What the exercise asks: Please reproduce the data exactly and omit the pictures.

Source information:
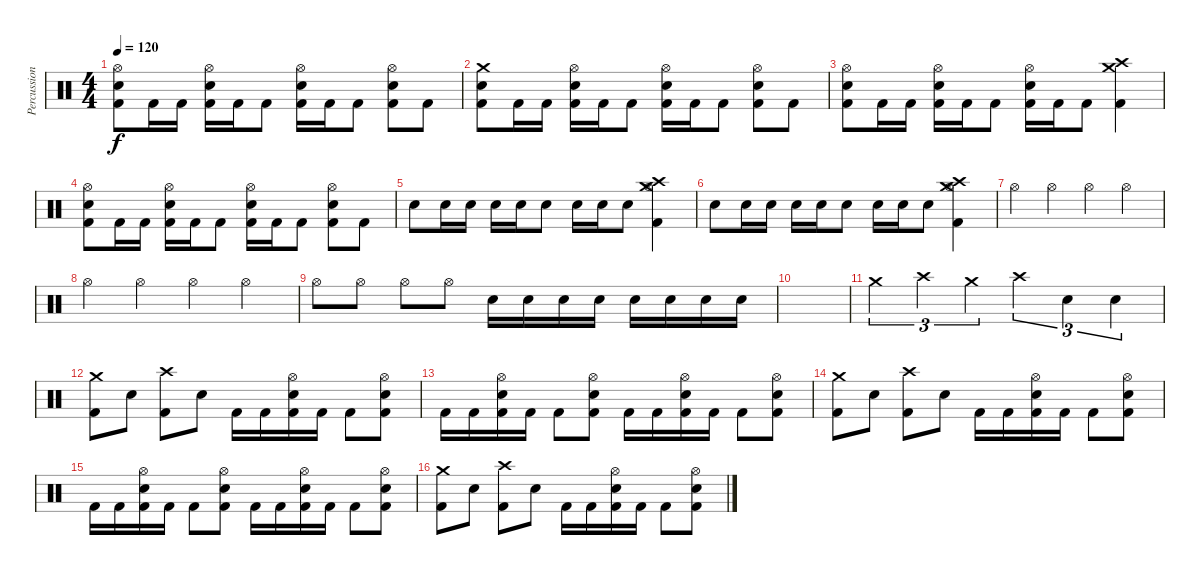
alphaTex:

\track ("Percussion" "Percussion") {instrument percussion}
\staff {score}
\articulation defaults
\ts (4 4)
\tempo 120
\clef neutral
\ks c
("Kick (hit) 2" "Snare (hit) 2" "Hi-Hat (open)").8{dy f} "Kick (hit) 2".16 "Kick (hit) 2".16 ("Kick (hit) 2" "Snare (hit) 2" "Hi-Hat (open)").16 "Kick (hit) 2".16 "Kick (hit) 2".8 ("Kick (hit) 2" "Snare (hit) 2" "Hi-Hat (open)").16 "Kick (hit) 2".16 "Kick (hit) 2".8 ("Kick (hit) 2" "Snare (hit) 2" "Hi-Hat (open)").8 "Kick (hit) 2".8 |
("Kick (hit) 2" "Snare (hit) 2" "Crash medium (hit)").8 "Kick (hit) 2".16 "Kick (hit) 2".16 ("Kick (hit) 2" "Snare (hit) 2" "Hi-Hat (open)").16 "Kick (hit) 2".16 "Kick (hit) 2".8 ("Kick (hit) 2" "Snare (hit) 2" "Hi-Hat (open)").16 "Kick (hit) 2".16 "Kick (hit) 2".8 ("Kick (hit) 2" "Snare (hit) 2" "Hi-Hat (open)").8 "Kick (hit) 2".8 |
("Kick (hit) 2" "Snare (hit) 2" "Hi-Hat (open)").8 "Kick (hit) 2".16 "Kick (hit) 2".16 ("Kick (hit) 2" "Snare (hit) 2" "Hi-Hat (open)").16 "Kick (hit) 2".16 "Kick (hit) 2".8 ("Kick (hit) 2" "Snare (hit) 2" "Hi-Hat (open)").16 "Kick (hit) 2".16 "Kick (hit) 2".8 ("Kick (hit) 2" "Crash high (hit)" "Crash medium (hit)").4 |
("Kick (hit) 2" "Snare (hit) 2" "Hi-Hat (open)").8 "Kick (hit) 2".16 "Kick (hit) 2".16 ("Kick (hit) 2" "Snare (hit) 2" "Hi-Hat (open)").16 "Kick (hit) 2".16 "Kick (hit) 2".8 ("Kick (hit) 2" "Snare (hit) 2" "Hi-Hat (open)").16 "Kick (hit) 2".16 "Kick (hit) 2".8 ("Kick (hit) 2" "Snare (hit) 2" "Hi-Hat (open)").8 "Kick (hit) 2".8 |
"Snare (hit) 2".8 "Snare (hit) 2".16 "Snare (hit) 2".16 "Snare (hit) 2".16 "Snare (hit) 2".16 "Snare (hit) 2".8 "Snare (hit) 2".16 "Snare (hit) 2".16 "Snare (hit) 2".8 ("Hi-Hat (open)" "Kick (hit) 2" "Crash medium (hit)" "Crash high (hit)").4 |
"Snare (hit) 2".8 "Snare (hit) 2".16 "Snare (hit) 2".16 "Snare (hit) 2".16 "Snare (hit) 2".16 "Snare (hit) 2".8 "Snare (hit) 2".16 "Snare (hit) 2".16 "Snare (hit) 2".8 ("Hi-Hat (open)" "Kick (hit) 2" "Crash medium (hit)" "Crash high (hit)").4 |
"Hi-Hat (open)".4 "Hi-Hat (open)".4 "Hi-Hat (open)".4 "Hi-Hat (open)".4 |
"Hi-Hat (open)".4 "Hi-Hat (open)".4 "Hi-Hat (open)".4 "Hi-Hat (open)".4 |
"Hi-Hat (open)".8 "Hi-Hat (open)".8 "Hi-Hat (open)".8 "Hi-Hat (open)".8 "Snare (hit) 2".16 "Snare (hit) 2".16 "Snare (hit) 2".16 "Snare (hit) 2".16 "Snare (hit) 2".16 "Snare (hit) 2".16 "Snare (hit) 2".16 "Snare (hit) 2".16 |
|
"Crash medium (hit)".4{tu (3 2)} "Crash high (hit)".4{tu (3 2)} "Crash medium (hit)".4{tu (3 2)} "Crash high (hit)".4{tu (3 2)} "Snare (hit) 2".4{tu (3 2)} "Snare (hit) 2".4{tu (3 2)} |
("Kick (hit) 2" "Crash medium (hit)").8 "Snare (hit) 2".8 ("Kick (hit) 2" "Crash high (hit)").8 "Snare (hit) 2".8 "Kick (hit) 2".16 "Kick (hit) 2".16 ("Snare (hit) 2" "Hi-Hat (open)" "Kick (hit) 2").16 "Kick (hit) 2".16 "Kick (hit) 2".8 ("Snare (hit) 2" "Hi-Hat (open)" "Kick (hit) 2").8 |
"Kick (hit) 2".16 "Kick (hit) 2".16 ("Hi-Hat (open)" "Snare (hit) 2" "Kick (hit) 2").16 "Kick (hit) 2".16 "Kick (hit) 2".8 ("Hi-Hat (open)" "Snare (hit) 2" "Kick (hit) 2").8 "Kick (hit) 2".16 "Kick (hit) 2".16 ("Hi-Hat (open)" "Snare (hit) 2" "Kick (hit) 2").16 "Kick (hit) 2".16 "Kick (hit) 2".8 ("Hi-Hat (open)" "Snare (hit) 2" "Kick (hit) 2").8 |
("Kick (hit) 2" "Crash medium (hit)").8 "Snare (hit) 2".8 ("Kick (hit) 2" "Crash high (hit)").8 "Snare (hit) 2".8 "Kick (hit) 2".16 "Kick (hit) 2".16 ("Snare (hit) 2" "Hi-Hat (open)" "Kick (hit) 2").16 "Kick (hit) 2".16 "Kick (hit) 2".8 ("Snare (hit) 2" "Hi-Hat (open)" "Kick (hit) 2").8 |
"Kick (hit) 2".16 "Kick (hit) 2".16 ("Hi-Hat (open)" "Snare (hit) 2" "Kick (hit) 2").16 "Kick (hit) 2".16 "Kick (hit) 2".8 ("Hi-Hat (open)" "Snare (hit) 2" "Kick (hit) 2").8 "Kick (hit) 2".16 "Kick (hit) 2".16 ("Hi-Hat (open)" "Snare (hit) 2" "Kick (hit) 2").16 "Kick (hit) 2".16 "Kick (hit) 2".8 ("Hi-Hat (open)" "Snare (hit) 2" "Kick (hit) 2").8 |
("Kick (hit) 2" "Crash medium (hit)").8 "Snare (hit) 2".8 ("Kick (hit) 2" "Crash high (hit)").8 "Snare (hit) 2".8 "Kick (hit) 2".16 "Kick (hit) 2".16 ("Snare (hit) 2" "Hi-Hat (open)" "Kick (hit) 2").16 "Kick (hit) 2".16 "Kick (hit) 2".8 ("Snare (hit) 2" "Hi-Hat (open)" "Kick (hit) 2").8

Completed exercise:
alphaTex:

\track ("Percussion" "Percussion") {instrument percussion}
\staff {score}
\articulation defaults
\ts (4 4)
\tempo 120
\clef neutral
\ks c
("Kick (hit) 2" "Snare (hit) 2" "Hi-Hat (open)").8{dy f} "Kick (hit) 2".16 "Kick (hit) 2".16 ("Kick (hit) 2" "Snare (hit) 2" "Hi-Hat (open)").16 "Kick (hit) 2".16 "Kick (hit) 2".8 ("Kick (hit) 2" "Snare (hit) 2" "Hi-Hat (open)").16 "Kick (hit) 2".16 "Kick (hit) 2".8 ("Kick (hit) 2" "Snare (hit) 2" "Hi-Hat (open)").8 "Kick (hit) 2".8 |
("Kick (hit) 2" "Snare (hit) 2" "Crash medium (hit)").8 "Kick (hit) 2".16 "Kick (hit) 2".16 ("Kick (hit) 2" "Snare (hit) 2" "Hi-Hat (open)").16 "Kick (hit) 2".16 "Kick (hit) 2".8 ("Kick (hit) 2" "Snare (hit) 2" "Hi-Hat (open)").16 "Kick (hit) 2".16 "Kick (hit) 2".8 ("Kick (hit) 2" "Snare (hit) 2" "Hi-Hat (open)").8 "Kick (hit) 2".8 |
("Kick (hit) 2" "Snare (hit) 2" "Hi-Hat (open)").8 "Kick (hit) 2".16 "Kick (hit) 2".16 ("Kick (hit) 2" "Snare (hit) 2" "Hi-Hat (open)").16 "Kick (hit) 2".16 "Kick (hit) 2".8 ("Kick (hit) 2" "Snare (hit) 2" "Hi-Hat (open)").16 "Kick (hit) 2".16 "Kick (hit) 2".8 ("Kick (hit) 2" "Crash high (hit)" "Crash medium (hit)").4 |
("Kick (hit) 2" "Snare (hit) 2" "Hi-Hat (open)").8 "Kick (hit) 2".16 "Kick (hit) 2".16 ("Kick (hit) 2" "Snare (hit) 2" "Hi-Hat (open)").16 "Kick (hit) 2".16 "Kick (hit) 2".8 ("Kick (hit) 2" "Snare (hit) 2" "Hi-Hat (open)").16 "Kick (hit) 2".16 "Kick (hit) 2".8 ("Kick (hit) 2" "Snare (hit) 2" "Hi-Hat (open)").8 "Kick (hit) 2".8 |
"Snare (hit) 2".8 "Snare (hit) 2".16 "Snare (hit) 2".16 "Snare (hit) 2".16 "Snare (hit) 2".16 "Snare (hit) 2".8 "Snare (hit) 2".16 "Snare (hit) 2".16 "Snare (hit) 2".8 ("Hi-Hat (open)" "Kick (hit) 2" "Crash medium (hit)" "Crash high (hit)").4 |
"Snare (hit) 2".8 "Snare (hit) 2".16 "Snare (hit) 2".16 "Snare (hit) 2".16 "Snare (hit) 2".16 "Snare (hit) 2".8 "Snare (hit) 2".16 "Snare (hit) 2".16 "Snare (hit) 2".8 ("Hi-Hat (open)" "Kick (hit) 2" "Crash medium (hit)" "Crash high (hit)").4 |
"Hi-Hat (open)".4 "Hi-Hat (open)".4 "Hi-Hat (open)".4 "Hi-Hat (open)".4 |
"Hi-Hat (open)".4 "Hi-Hat (open)".4 "Hi-Hat (open)".4 "Hi-Hat (open)".4 |
"Hi-Hat (open)".8 "Hi-Hat (open)".8 "Hi-Hat (open)".8 "Hi-Hat (open)".8 "Snare (hit) 2".16 "Snare (hit) 2".16 "Snare (hit) 2".16 "Snare (hit) 2".16 "Snare (hit) 2".16 "Snare (hit) 2".16 "Snare (hit) 2".16 "Snare (hit) 2".16 |
|
"Crash medium (hit)".4{tu (3 2)} "Crash high (hit)".4{tu (3 2)} "Crash medium (hit)".4{tu (3 2)} "Crash high (hit)".4{tu (3 2)} "Snare (hit) 2".4{tu (3 2)} "Snare (hit) 2".4{tu (3 2)} |
("Kick (hit) 2" "Crash medium (hit)").8 "Snare (hit) 2".8 ("Kick (hit) 2" "Crash high (hit)").8 "Snare (hit) 2".8 "Kick (hit) 2".16 "Kick (hit) 2".16 ("Snare (hit) 2" "Hi-Hat (open)" "Kick (hit) 2").16 "Kick (hit) 2".16 "Kick (hit) 2".8 ("Snare (hit) 2" "Hi-Hat (open)" "Kick (hit) 2").8 |
"Kick (hit) 2".16 "Kick (hit) 2".16 ("Hi-Hat (open)" "Snare (hit) 2" "Kick (hit) 2").16 "Kick (hit) 2".16 "Kick (hit) 2".8 ("Hi-Hat (open)" "Snare (hit) 2" "Kick (hit) 2").8 "Kick (hit) 2".16 "Kick (hit) 2".16 ("Hi-Hat (open)" "Snare (hit) 2" "Kick (hit) 2").16 "Kick (hit) 2".16 "Kick (hit) 2".8 ("Hi-Hat (open)" "Snare (hit) 2" "Kick (hit) 2").8 |
("Kick (hit) 2" "Crash medium (hit)").8 "Snare (hit) 2".8 ("Kick (hit) 2" "Crash high (hit)").8 "Snare (hit) 2".8 "Kick (hit) 2".16 "Kick (hit) 2".16 ("Snare (hit) 2" "Hi-Hat (open)" "Kick (hit) 2").16 "Kick (hit) 2".16 "Kick (hit) 2".8 ("Snare (hit) 2" "Hi-Hat (open)" "Kick (hit) 2").8 |
"Kick (hit) 2".16 "Kick (hit) 2".16 ("Hi-Hat (open)" "Snare (hit) 2" "Kick (hit) 2").16 "Kick (hit) 2".16 "Kick (hit) 2".8 ("Hi-Hat (open)" "Snare (hit) 2" "Kick (hit) 2").8 "Kick (hit) 2".16 "Kick (hit) 2".16 ("Hi-Hat (open)" "Snare (hit) 2" "Kick (hit) 2").16 "Kick (hit) 2".16 "Kick (hit) 2".8 ("Hi-Hat (open)" "Snare (hit) 2" "Kick (hit) 2").8 |
("Kick (hit) 2" "Crash medium (hit)").8 "Snare (hit) 2".8 ("Kick (hit) 2" "Crash high (hit)").8 "Snare (hit) 2".8 "Kick (hit) 2".16 "Kick (hit) 2".16 ("Snare (hit) 2" "Hi-Hat (open)" "Kick (hit) 2").16 "Kick (hit) 2".16 "Kick (hit) 2".8 ("Snare (hit) 2" "Hi-Hat (open)" "Kick (hit) 2").8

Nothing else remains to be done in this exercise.